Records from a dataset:

================

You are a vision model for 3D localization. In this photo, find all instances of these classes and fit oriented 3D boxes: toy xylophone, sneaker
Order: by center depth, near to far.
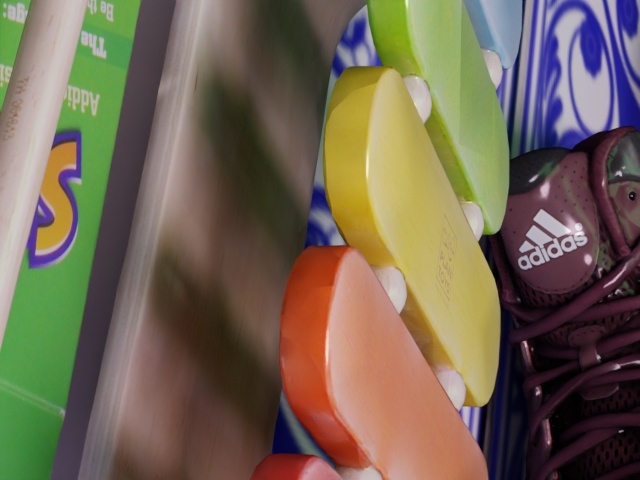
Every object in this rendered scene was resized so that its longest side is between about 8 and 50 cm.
[{"bbox_3d":[0.000,0.000,0.443,0.236,0.081,0.322,46,47,-67],"label":"toy xylophone"},{"bbox_3d":[0.088,0.058,0.631,0.162,0.106,0.281,62,26,-26],"label":"sneaker"}]

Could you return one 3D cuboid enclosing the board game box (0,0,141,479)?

================

What is being asked:
Beginning with the line that holds "Every object in", restate word for word every line down to the end of the data, and only those lines.

Result below:
Every object in this rendered scene was resized so that its longest side is between about 8 and 50 cm.
[{"bbox_3d":[0.000,0.000,0.443,0.236,0.081,0.322,46,47,-67],"label":"toy xylophone"},{"bbox_3d":[0.088,0.058,0.631,0.162,0.106,0.281,62,26,-26],"label":"sneaker"}]

Could you return one 3D cuboid enclosing the board game box (0,0,141,479)?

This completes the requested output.